There is a helper function for this purpose,
pygeode.formats.multifile.check_multi()
.
Saving to files¶
In contrast to reading files, saving PyGeode variables and datasets to disk is
typically a much simpler operation, and we’ve seen examples of this already in
a couple places in this tutorial. The save()
method takes a filename and
either a single Var
object, or a Dataset
object (in fact it
uses the helper function asdataset()
which recognizes various other
kinds of collections of variables as well). As with reading files, writing to
NetCDF files is the best supported option. By default, PyGeode writes NetCDF
version 3 format files for greater compatibility, but this version has a number
of limitations, including a maximum file size.
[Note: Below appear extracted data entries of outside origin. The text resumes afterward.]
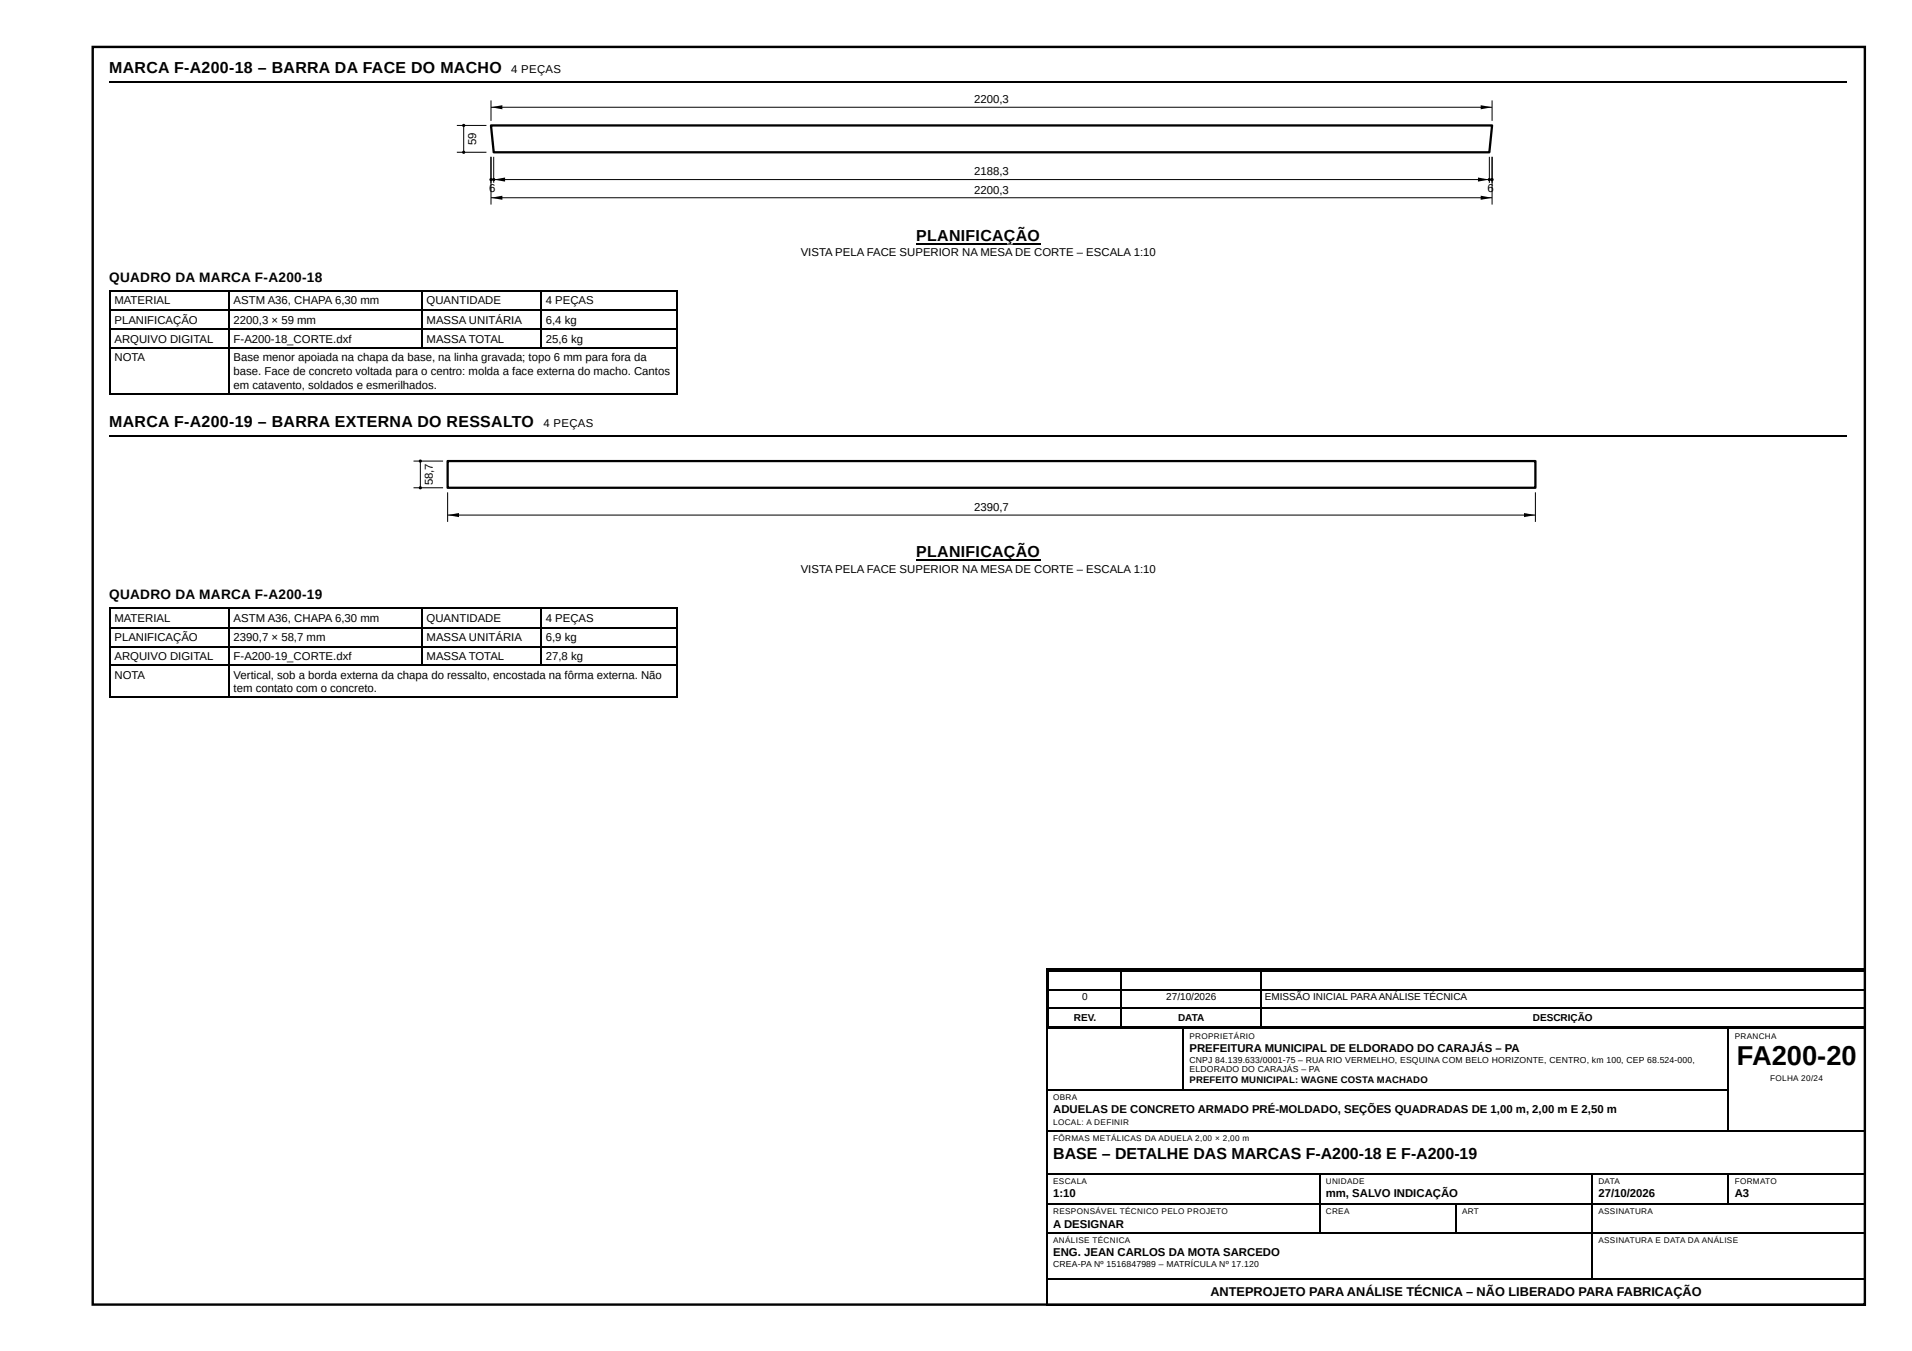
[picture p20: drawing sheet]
<svg xmlns="http://www.w3.org/2000/svg" width="420mm" height="297mm" viewBox="0 0 420 297" stroke-linecap="round" stroke-linejoin="round" font-family="sans-serif">
<defs><g id="words">
<text font-size="6" x="381.7" y="234.2">FA200-20</text>
<g font-size="3.5">
<text x="24" y="16.1">MARCA F-A200-18 – BARRA DA FACE DO MACHO</text>
<text x="201.4" y="52.9">PLANIFICAÇÃO</text>
<text x="24" y="93.9">MARCA F-A200-19 – BARRA EXTERNA DO RESSALTO</text>
<text x="201.4" y="122.5">PLANIFICAÇÃO</text>
<text x="231.5" y="254.8">BASE – DETALHE DAS MARCAS F-A200-18 E F-A200-19</text>
</g>
<g font-size="3">
<text x="24" y="61.9">QUADRO DA MARCA F-A200-18</text>
<text x="24" y="131.8">QUADRO DA MARCA F-A200-19</text>
</g>
<text font-size="2.8" x="266" y="285">ANTEPROJETO PARA ANÁLISE TÉCNICA – NÃO LIBERADO PARA FABRICAÇÃO</text>
<g font-size="2.5">
<text x="112.3" y="16.1">4 PEÇAS</text>
<text x="176" y="56.4">VISTA PELA FACE SUPERIOR NA MESA DE CORTE – ESCALA 1:10</text>
<text x="25.2" y="66.9">MATERIAL</text>
<text x="25.2" y="71.2">PLANIFICAÇÃO</text>
<text x="51.3" y="66.9">ASTM A36, CHAPA 6,30 mm</text>
<text x="51.3" y="71.2">2200,3 × 59 mm</text>
<text x="93.8" y="66.9">QUANTIDADE</text>
<text x="93.8" y="71.2">MASSA UNITÁRIA</text>
<text x="120" y="66.9">4 PEÇAS</text>
<text x="120" y="71.2">6,4 kg</text>
<text x="25.2" y="75.4">ARQUIVO DIGITAL</text>
<text x="51.3" y="75.4">F-A200-18_CORTE.dxf</text>
<text x="93.8" y="75.4">MASSA TOTAL</text>
<text x="120" y="75.4">25,6 kg</text>
<text x="25.2" y="79.4">NOTA</text>
<text x="51.3" y="79.4">Base menor apoiada na chapa da base, na linha gravada; topo 6 mm para fora da</text>
<text x="51.3" y="82.6">base. Face de concreto voltada para o centro: molda a face externa do macho. Cantos</text>
<text x="51.3" y="85.5">em catavento, soldados e esmerilhados.</text>
<text x="119.4" y="93.9">4 PEÇAS</text>
<text x="176" y="125.9">VISTA PELA FACE SUPERIOR NA MESA DE CORTE – ESCALA 1:10</text>
<text x="25.2" y="136.8">MATERIAL</text>
<text x="51.3" y="136.8">ASTM A36, CHAPA 6,30 mm</text>
<text x="93.8" y="136.8">QUANTIDADE</text>
<text x="120" y="136.8">4 PEÇAS</text>
<text x="25.2" y="141">PLANIFICAÇÃO</text>
<text x="51.3" y="141">2390,7 × 58,7 mm</text>
<text x="93.8" y="141">MASSA UNITÁRIA</text>
<text x="120" y="141">6,9 kg</text>
<text x="25.2" y="145">ARQUIVO DIGITAL</text>
<text x="25.2" y="149.2">NOTA</text>
<text x="51.3" y="145">F-A200-19_CORTE.dxf</text>
<text x="51.3" y="149.2">Vertical, sob a borda externa da chapa do ressalto, encostada na fôrma externa. Não</text>
<text x="93.8" y="145">MASSA TOTAL</text>
<text x="120" y="145">27,8 kg</text>
<text x="51.3" y="152.1">tem contato com o concreto.</text>
<text x="261.4" y="231.2">PREFEITURA MUNICIPAL DE ELDORADO DO CARAJÁS – PA</text>
<text x="231.5" y="244.7">ADUELAS DE CONCRETO ARMADO PRÉ-MOLDADO, SEÇÕES QUADRADAS DE 1,00 m, 2,00 m E 2,50 m</text>
<text x="231.5" y="263.3">1:10</text>
<text x="291.4" y="263.3">mm, SALVO INDICAÇÃO</text>
<text x="351.3" y="263.3">27/10/2026</text>
<text x="381.2" y="263.3">A3</text>
<text x="231.5" y="269.9">A DESIGNAR</text>
<text x="231.5" y="276.2">ENG. JEAN CARLOS DA MOTA SARCEDO</text>
</g>
<g font-size="2.5" fill="#fff">
<text x="214.1" y="22.7">2200,3</text>
<text x="104.7" y="31.9" transform="rotate(-90 104.7 31.9)">59</text>
<text x="214.1" y="38.6">2188,3</text>
<text x="107.5" y="42.3">6</text>
<text x="214.1" y="42.6">2200,3</text>
<text x="326.9" y="42.3">6</text>
<text x="95.2" y="106.7" transform="rotate(-90 95.2 106.7)">58,,7</text>
<text x="214.1" y="112.3">2390,7</text>
</g>
<g font-size="2.2">
<text x="237.9" y="219.9">0</text>
<text x="256.3" y="219.9">27/10/2026</text>
<text x="278" y="219.9">EMISSÃO INICIAL PARAANÁLISE TÉCNICA</text>
<text x="236" y="224.4">REV.</text>
<text x="258.9" y="224.4">DATA</text>
<text x="336.9" y="224.4">DESCRIÇÃO</text>
</g>
<text font-size="2.1" x="261.4" y="238.1">PREFEITO MUNICIPAL: WAGNE COSTA MACHADO</text>
<g font-size="1.9">
<text x="261.4" y="233.6">CNPJ 84.139.633/0001-75 – RUA RIO VERMELHO, ESQUINA COM BELO HORIZONTE, CENTRO, km 100, CEP 68.524-000,</text>
<text x="261.4" y="235.7">ELDORADO DO CARAJÁS – PA</text>
<text x="231.5" y="278.6">CREA-PA Nº 1516847989 – MATRÍCULA Nº 17.120</text>
</g>
<g font-size="1.8">
<text x="261.4" y="228.3">PROPRIETÁRIO</text>
<text x="381.2" y="228.3">PRANCHA</text>
<text x="389" y="237.6">FOLHA 20/24</text>
<text x="231.5" y="241.8">OBRA</text>
<text x="231.5" y="247.4">LOCAL: A DEFINIR</text>
<text x="231.5" y="250.8">FÔRMAS METÁLICAS DA ADUELA 2,00 × 2,00 m</text>
<text x="231.5" y="260.4">ESCALA</text>
<text x="291.4" y="260.4">UNIDADE</text>
<text x="351.3" y="260.4">DATA</text>
<text x="381.2" y="260.4">FORMATO</text>
<text x="231.5" y="267">RESPONSÁVEL TÉCNICO PELO PROJETO</text>
<text x="291.4" y="267">CREA</text>
<text x="321.3" y="267">ART</text>
<text x="351.3" y="267">ASSINATURA</text>
<text x="231.5" y="273.3">ANÁLISE TÉCNICA</text>
<text x="351.3" y="273.3">ASSINATURA E DATA DA ANÁLISE</text>
</g>
</g></defs>
<g fill="none" stroke="#000" stroke-width=".26">
<path d="M24.1 18.1h381.8M201.4 53.6h27.2M24.1 63.9h124.9M24.1 68.1h124.9M24.1 72.4h124.9M24.1 76.6h124.9M24.2 63.8v23M50.4 63.8v23M92.7 63.8v12.9M118.9 63.8v12.9M148.8 63.8v23M24.1 86.7h124.9"/>
<path d="M24.1 95.9h381.8M24.1 133.7h124.9M24.1 138h124.9M24.2 133.6v19.9M50.4 133.6v19.9M92.7 133.6v12.7M118.9 133.6v12.7M148.8 133.6v19.9M201.4 123.2h27.2M24.1 142.2h124.9M24.1 146.2h124.9M24.1 153.3h124.9"/>
<path d="M229.9 213.1h180.2M230.1 213v74.1M230.2 213.4h179.9M230.2 217.6h179.9M230.3 213.3v12.7M246.5 213.3v12.7M277.2 213.3v12.7M410 213.3v12.7M229.9 226.1h180.2M230.2 221.6h179.9M230.2 225.8h179.9M230.2 239.6h149.7"/>
<path d="M260 226.2v13.5M379.8 226.2v22.5M410 226.2v60.9M230.2 248.6h179.9M230.2 258.1h179.9M290.1 258.2v13M349.9 258.2v23.1M379.8 258.2v6.6M230.2 264.7h179.9M230.2 271.1h179.9M320 264.8v6.4M230.2 281.1h179.9"/>
<path d="M230.2 286.9h179.9"/>
</g>
<path d="M107.9 27.6h220l-.6 5.9h-218.8zM98.4 101.4h239v5.8h-239z" fill="none" stroke="#000" stroke-width=".5"/>
<g fill="none" stroke="#000" stroke-width=".22">
<path d="M100.4 33.5h6.5M100.4 27.6h6.5M101.9 27.6v5.9M107.9 22.1v4.5M107.9 34.5v10.5M107.9 39.5h220M107.9 23.6h220M108.5 34.5v6.5M327.3 34.5v6.5M327.9 22.1v4.5M327.9 34.5v10.5M107.9 43.5h220"/>
<path d="M90.9 107.2h6.5M90.9 101.4h6.5M92.4 101.4v5.8M98.4 108.2v6.5M98.4 113.2h239M337.4 108.2v6.5"/>
</g>
<g fill="#000">
<path d="M107.9 23.6l2.5-.5v.9zM108.5 39.5l2.5-.5v.9zM324.8 39l2.5 .5-2.5 .4zM325.4 23.1l2.5 .5-2.5 .4zM107.9 43.5l2.5-.5v.9zM325.4 43l2.5 .5-2.5 .4zM98.4 113.2l2.5-.4v.9zM334.9 112.8l2.5 .4-2.5 .5z"/>
<circle cx="101.9" cy="27.6" r=".35"/>
<circle cx="101.9" cy="33.5" r=".35"/>
<circle cx="107.9" cy="39.5" r=".35"/>
<circle cx="108.5" cy="39.5" r=".35"/>
<circle cx="327.3" cy="39.5" r=".35"/>
<circle cx="327.9" cy="39.5" r=".35"/>
<circle cx="92.4" cy="101.4" r=".35"/>
<circle cx="92.4" cy="107.2" r=".35"/>
</g>
<path d="M20.4 10.3h389.4v276.5h-389.4z" fill="none" stroke="#000" stroke-width=".53"/>
<use href="#words"/>
</svg>

Alternatively, version 4 format
files can be written by specifying
In [30]: pyg.save('sample_data/file_v4.nc', t1, version=4)
which permits larger files to be written. There are several other options,
including built-in compression (this is a feature of the NetCDF 4 library), and
packing, which can be done in any format. See save()
for details.
If you have a large dataset you wish to write out in multiple files, you can simply select the subset you wish before saving the variable or dataset to disk.